Invariance principle for variable speed random walks on trees

Abstract

We consider stochastic processes on complete, locally compact tree-like metric spaces $(T,r)$ on their “natural scale” with boundedly finite speed measure $\nu$. Given a triple $(T,r,\nu)$ such a speed-$\nu$ motion on $(T,r)$ can be characterized as the unique strong Markov process which if restricted to compact subtrees satisfies for all $x,y\in T$ and all positive, bounded measurable $f$, \begin{equation}\label{eabstract}\mathbb{E}^{x}[\int^{\tau_{y}}_{0}\mathrm{d}sf(X_{s})]=2\int_{T}\nu(\mathrm{d}z)r(y,c(x,y,z))f(z)<\infty,\end{equation} where $c(x,y,z)$ denotes the branch point generated by $x,y,z$. If $(T,r)$ is a discrete tree, $X$ is a continuous time nearest neighbor random walk which jumps from $v$ to $v'\sim v$ at rate $\frac{1}{2}\cdot(\nu(\{v\})\cdot r(v,v'))^{-1}$. If $(T,r)$ is path-connected, $X$ has continuous paths and equals the $\nu$-Brownian motion which was recently constructed in [Trans.
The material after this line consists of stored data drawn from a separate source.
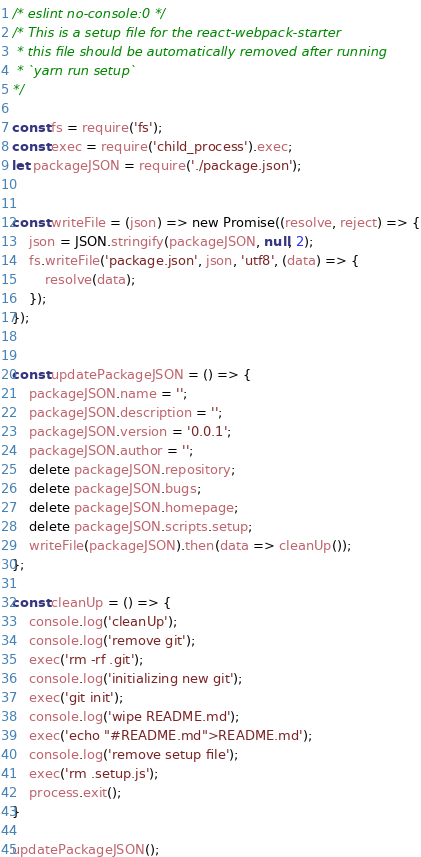Convert code to text. <code><loc_0><loc_0><loc_500><loc_500><_JavaScript_>/* eslint no-console:0 */
/* This is a setup file for the react-webpack-starter
 * this file should be automatically removed after running
 * `yarn run setup`
*/

const fs = require('fs');
const exec = require('child_process').exec;
let packageJSON = require('./package.json');


const writeFile = (json) => new Promise((resolve, reject) => {
    json = JSON.stringify(packageJSON, null, 2);
    fs.writeFile('package.json', json, 'utf8', (data) => {
        resolve(data);
    });
});


const updatePackageJSON = () => {
    packageJSON.name = '';
    packageJSON.description = '';
    packageJSON.version = '0.0.1';
    packageJSON.author = '';
    delete packageJSON.repository;
    delete packageJSON.bugs;
    delete packageJSON.homepage;
    delete packageJSON.scripts.setup;
    writeFile(packageJSON).then(data => cleanUp());
};

const cleanUp = () => {
    console.log('cleanUp');
    console.log('remove git');
    exec('rm -rf .git');
    console.log('initializing new git');
    exec('git init');
    console.log('wipe README.md');
    exec('echo "#README.md">README.md');
    console.log('remove setup file');
    exec('rm .setup.js');
    process.exit();
}

updatePackageJSON();
</code> 
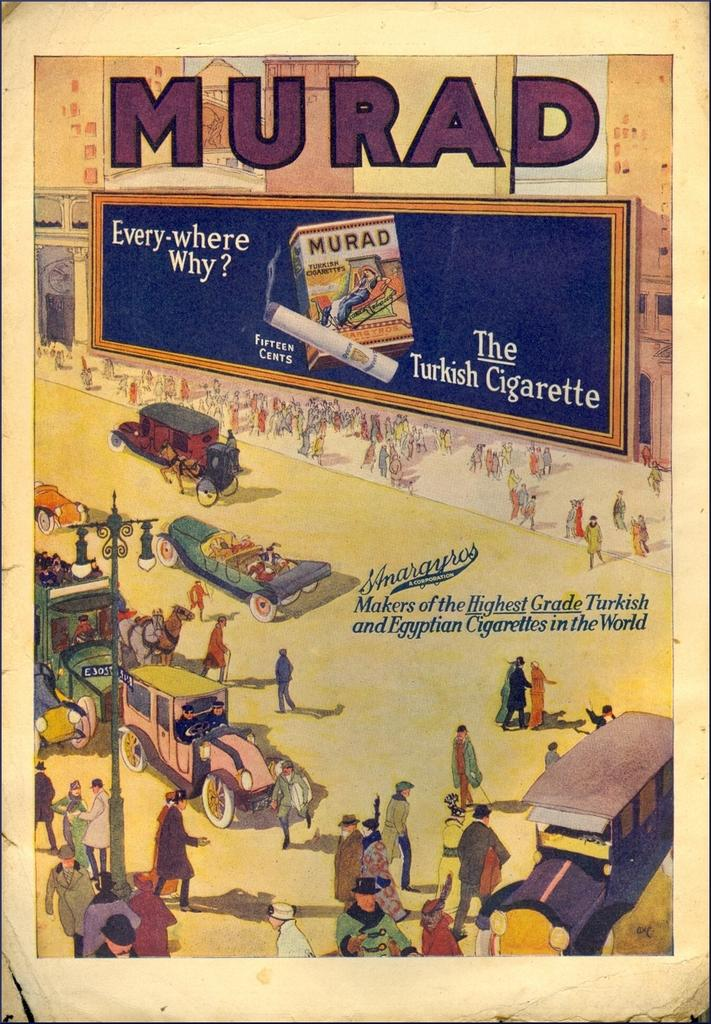<image>
Relay a brief, clear account of the picture shown. An illustrated advertisement indicates that Murad is The Turkish Cigarette. 
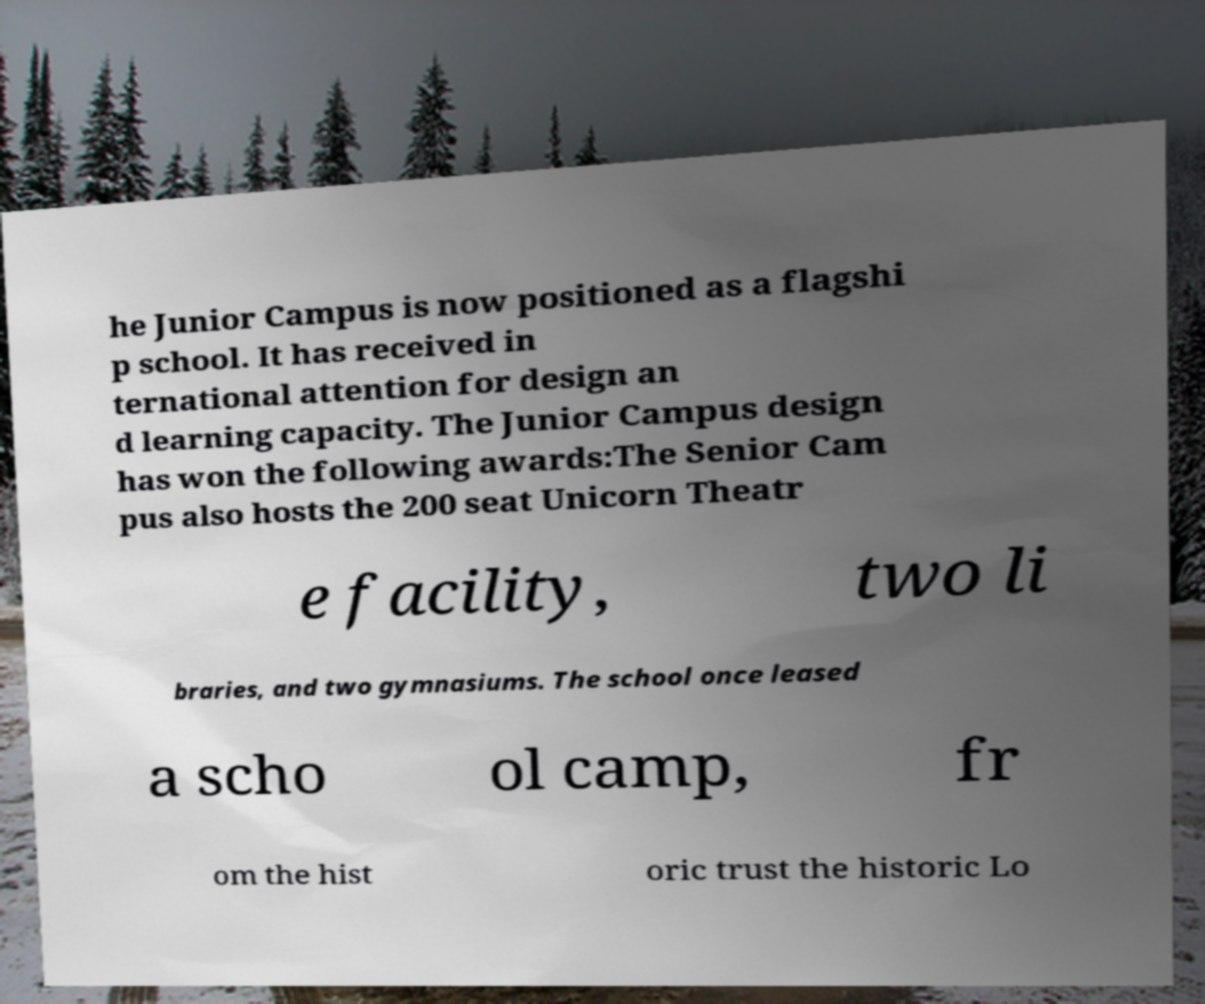Could you assist in decoding the text presented in this image and type it out clearly? he Junior Campus is now positioned as a flagshi p school. It has received in ternational attention for design an d learning capacity. The Junior Campus design has won the following awards:The Senior Cam pus also hosts the 200 seat Unicorn Theatr e facility, two li braries, and two gymnasiums. The school once leased a scho ol camp, fr om the hist oric trust the historic Lo 
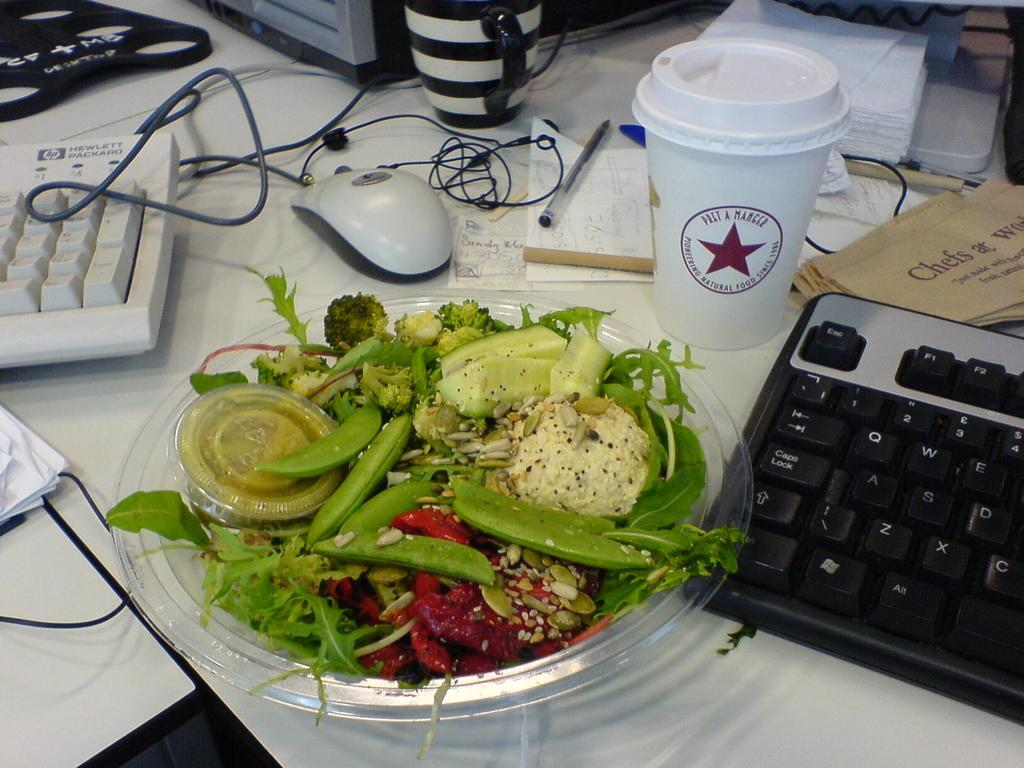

Amer. Math. Soc. 365 (2013) 3115–3150]. In this paper, we show that speed-$\nu_{n}$ motions on $(T_{n},r_{n})$ converge weakly in path space to the speed-$\nu$ motion on $(T,r)$ provided that the underlying triples of metric measure spaces converge in the Gromov–Hausdorff-vague topology introduced in [Stochastic Process. Appl. 126 (2016) 2527–2553].